◆ THE PROBLEM
What you write should be an exact repeat of the lines from the one with "Where is the" through the final line below, minus the pictures.

=== Section Start ===

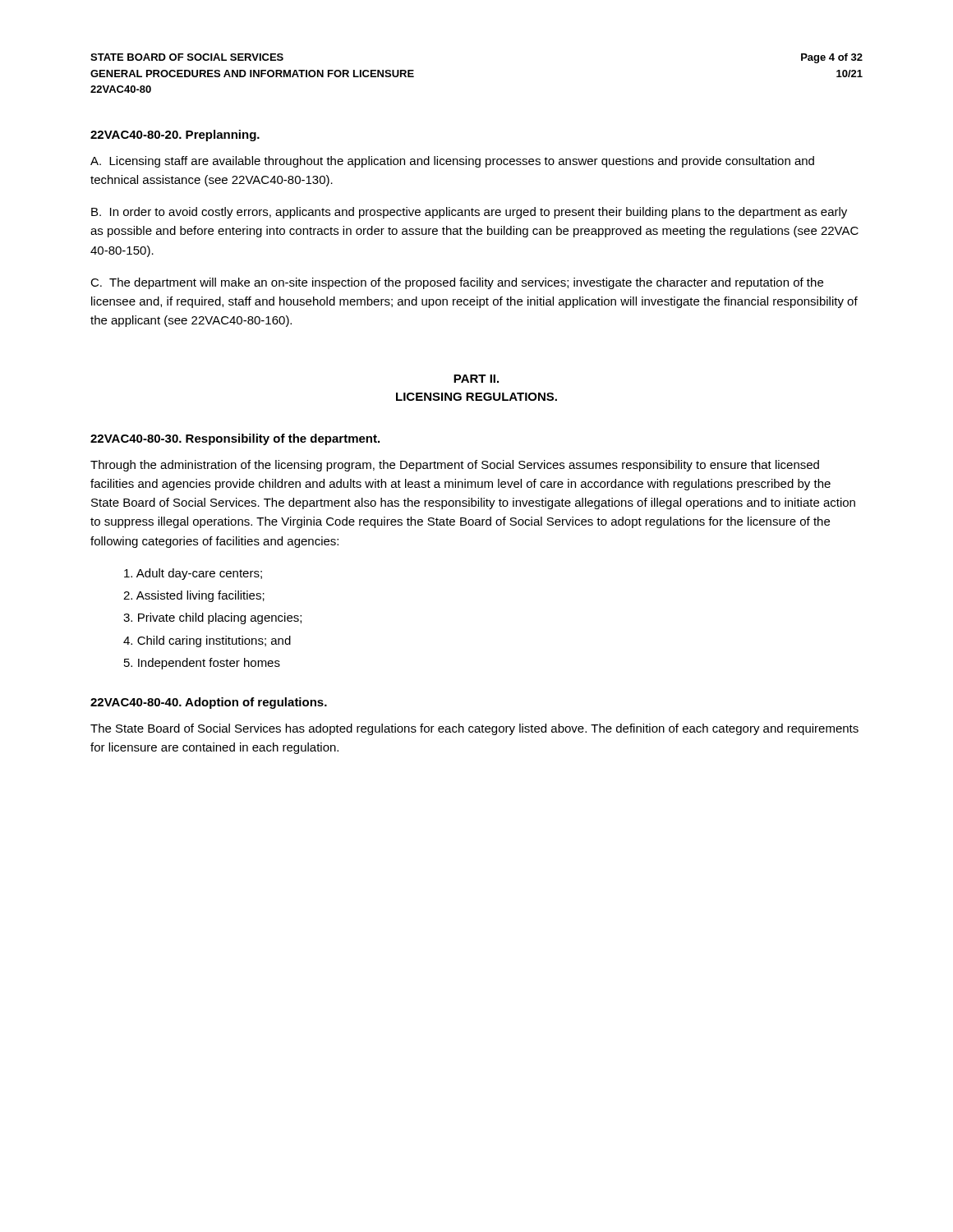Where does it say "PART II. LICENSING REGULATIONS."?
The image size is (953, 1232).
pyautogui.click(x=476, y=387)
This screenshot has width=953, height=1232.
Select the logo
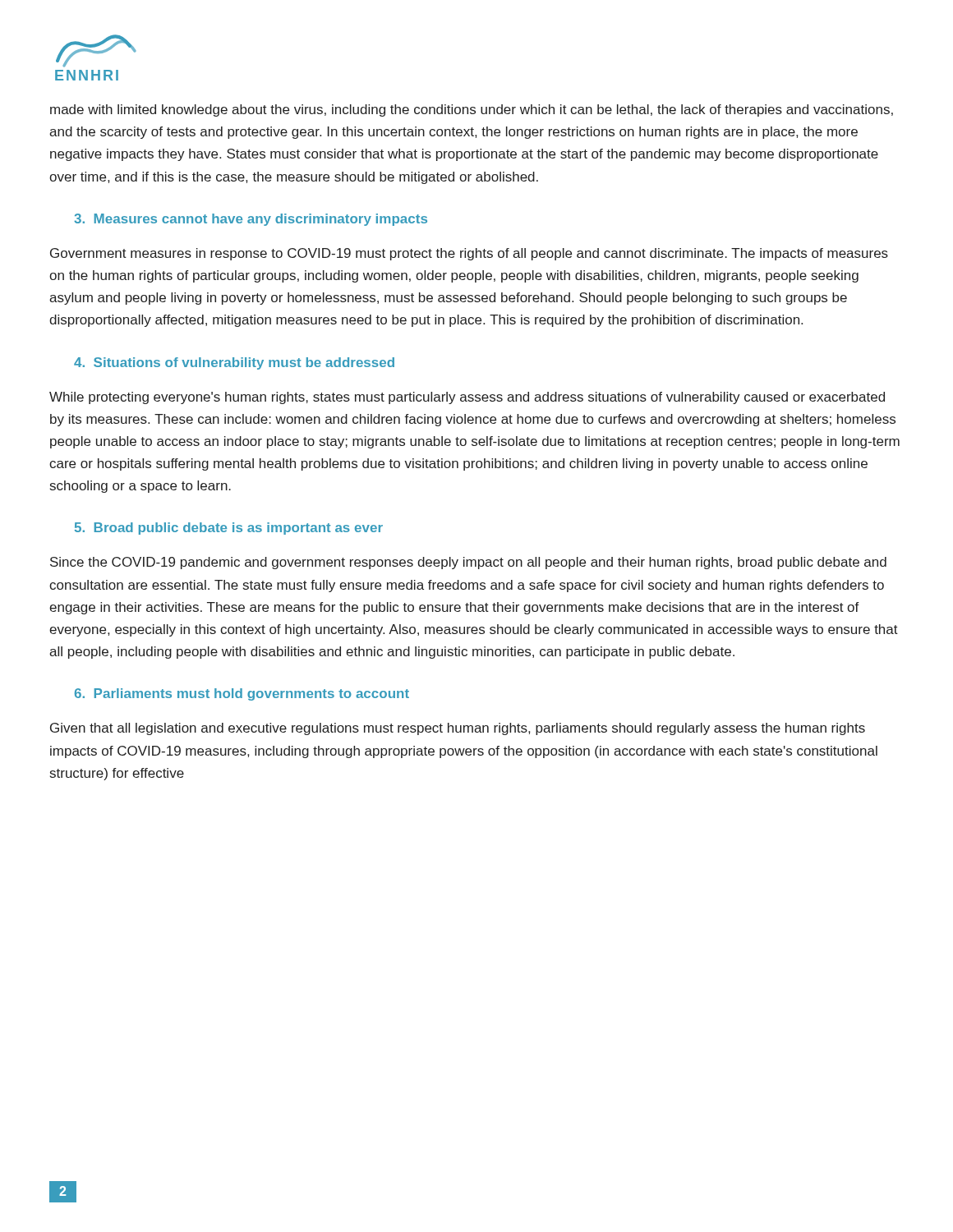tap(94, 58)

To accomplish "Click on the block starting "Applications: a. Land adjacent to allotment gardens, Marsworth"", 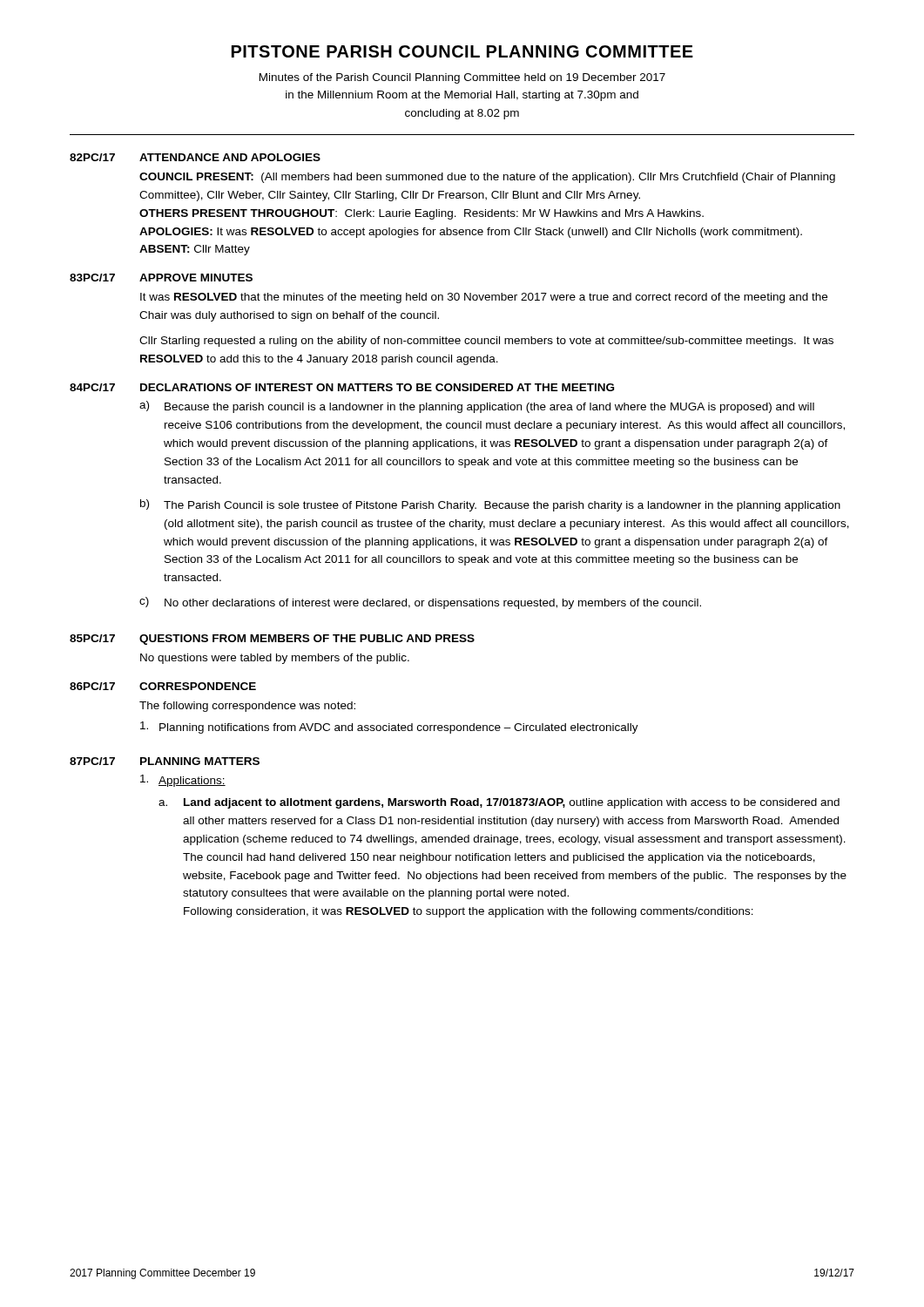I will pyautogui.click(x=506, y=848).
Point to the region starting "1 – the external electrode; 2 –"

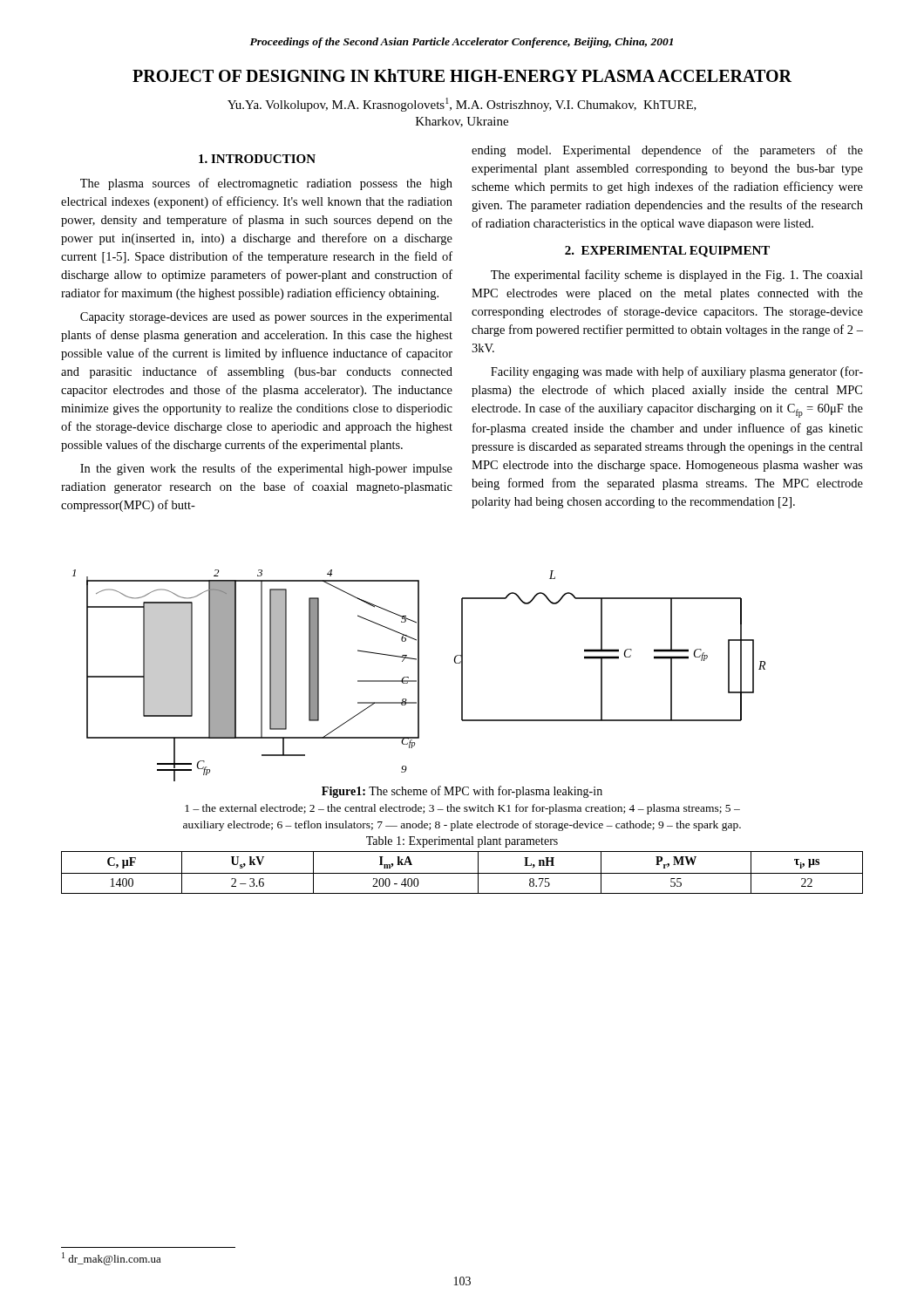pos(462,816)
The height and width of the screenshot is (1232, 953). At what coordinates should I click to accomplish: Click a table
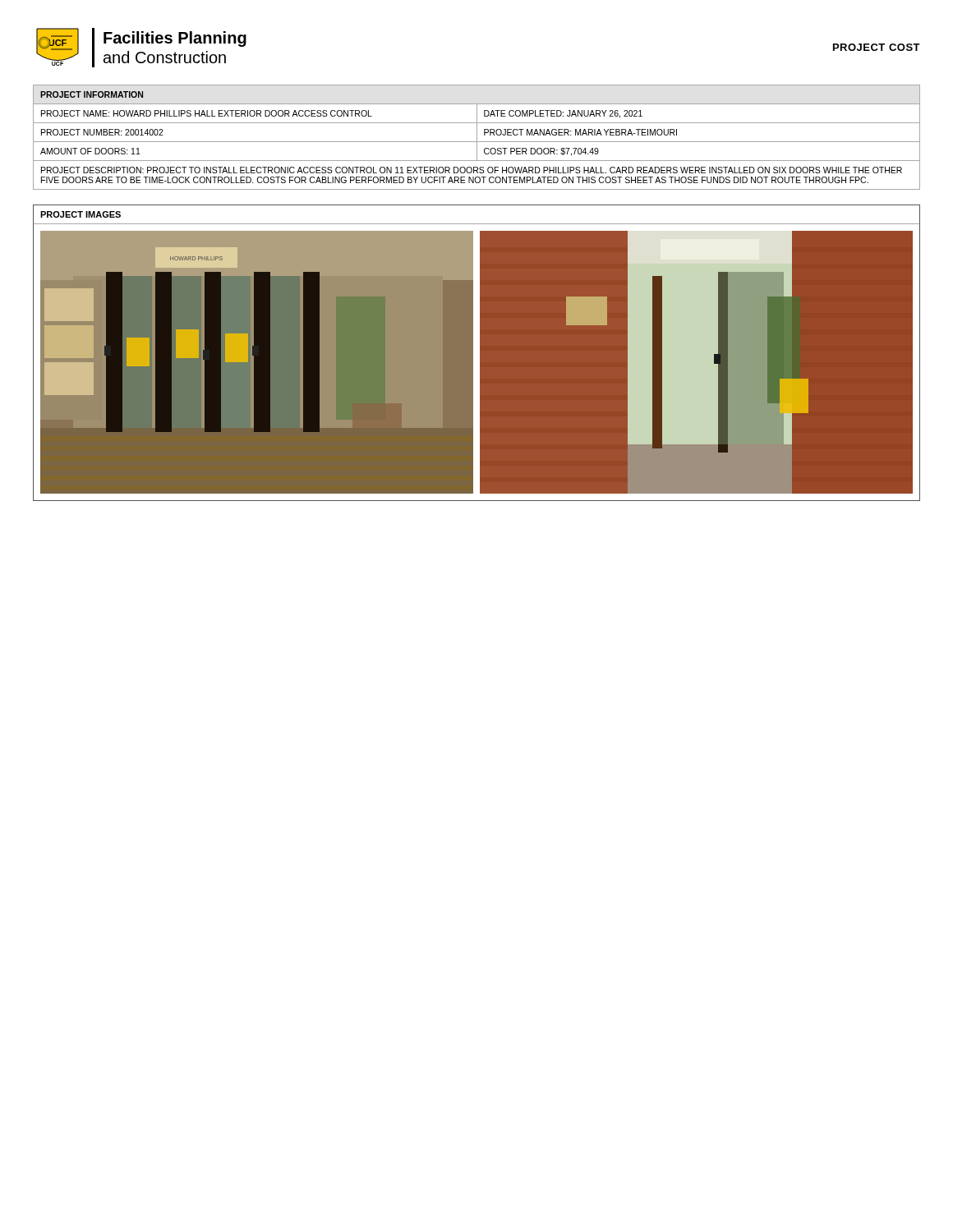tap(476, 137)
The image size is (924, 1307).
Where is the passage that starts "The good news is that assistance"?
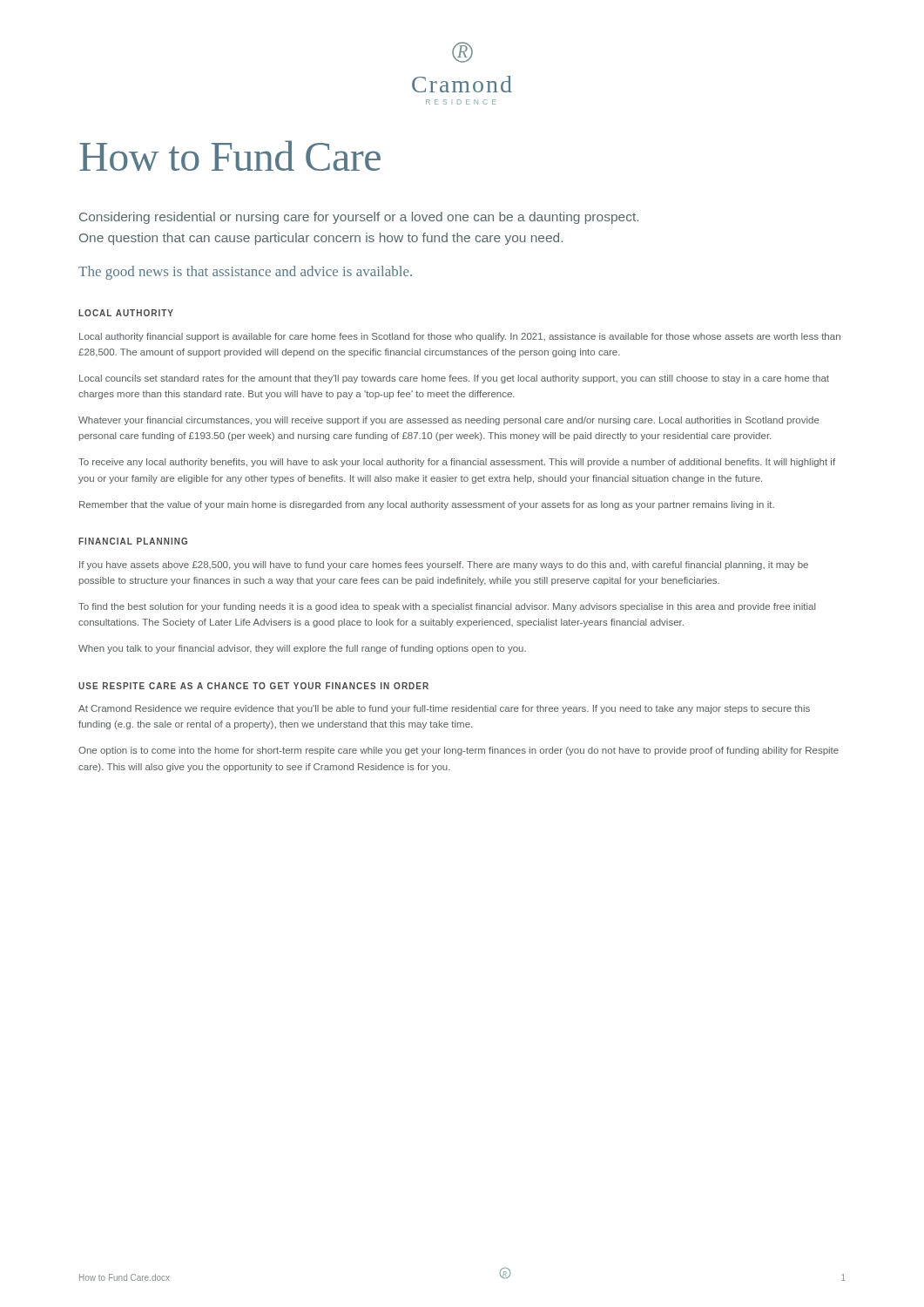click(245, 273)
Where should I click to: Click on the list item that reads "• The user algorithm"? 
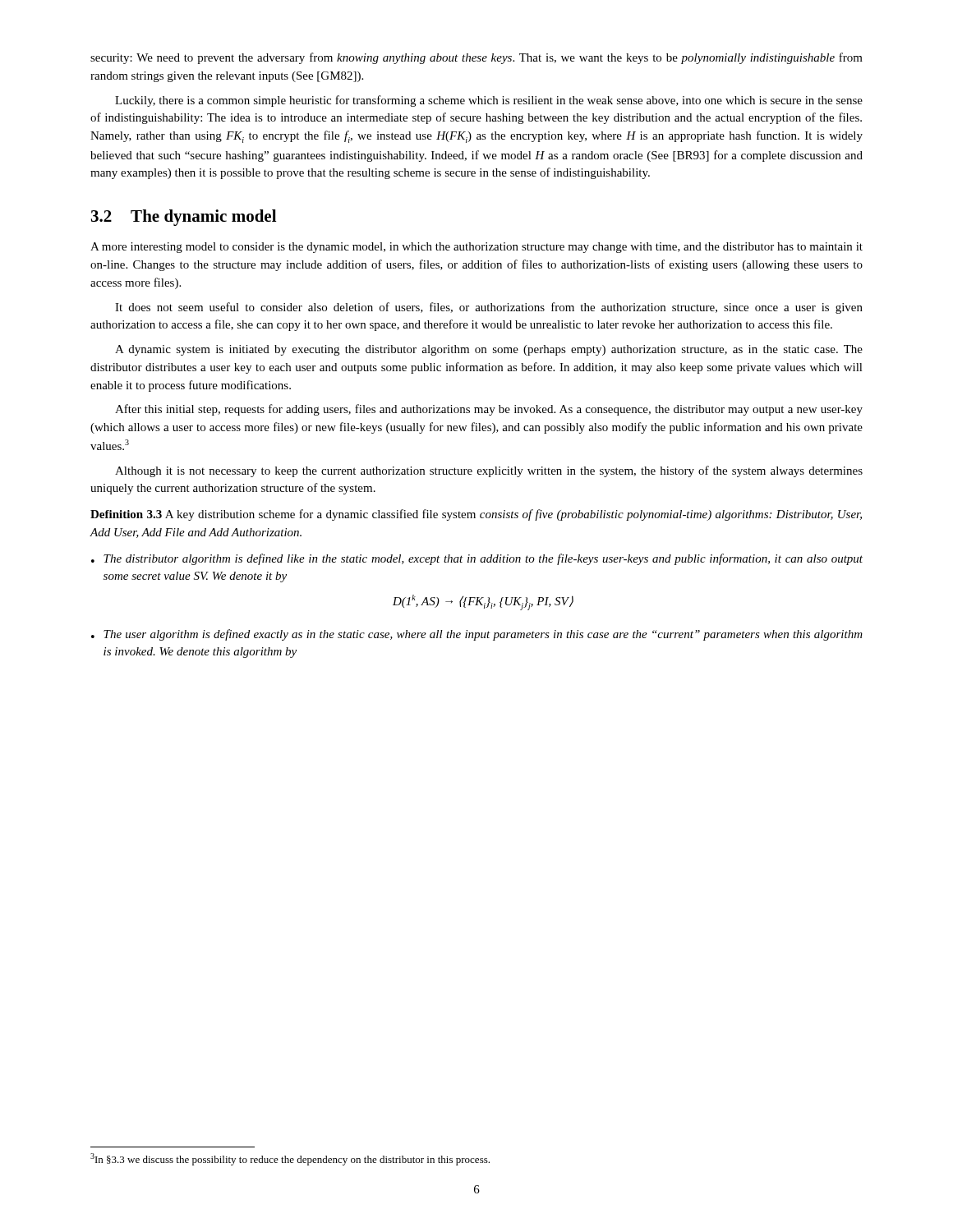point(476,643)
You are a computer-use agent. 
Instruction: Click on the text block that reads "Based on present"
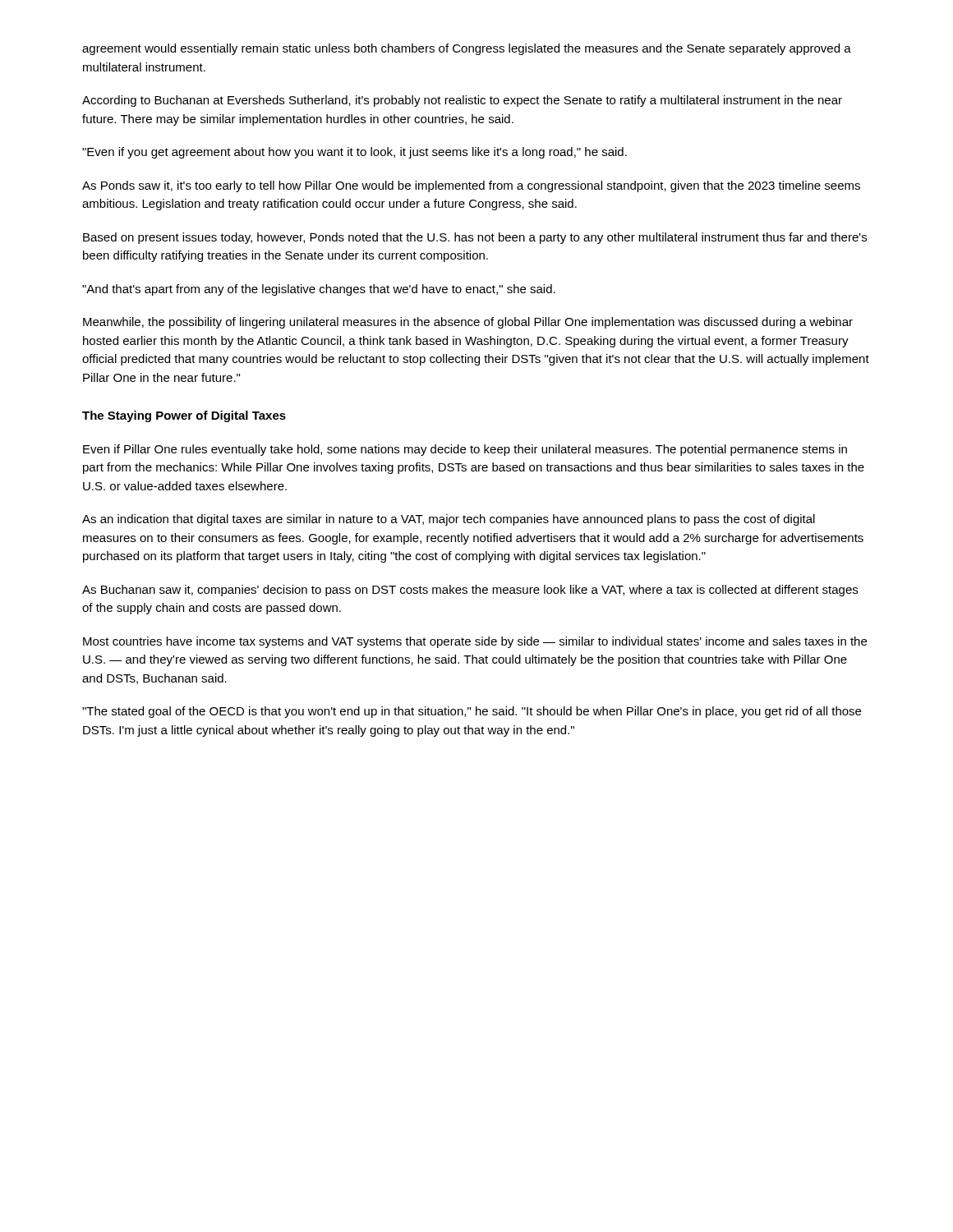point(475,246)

=== Section End ===

◆ RESPONSE FOR THIS EXERCISE
Where is the passage that starts "The good news is that assistance"?
click(245, 273)
Where should I click to: Click on the list item that reads "• The user algorithm"? 
point(476,643)
You are a computer-use agent. 
Instruction: Click on the text block that reads "Based on present"
point(475,246)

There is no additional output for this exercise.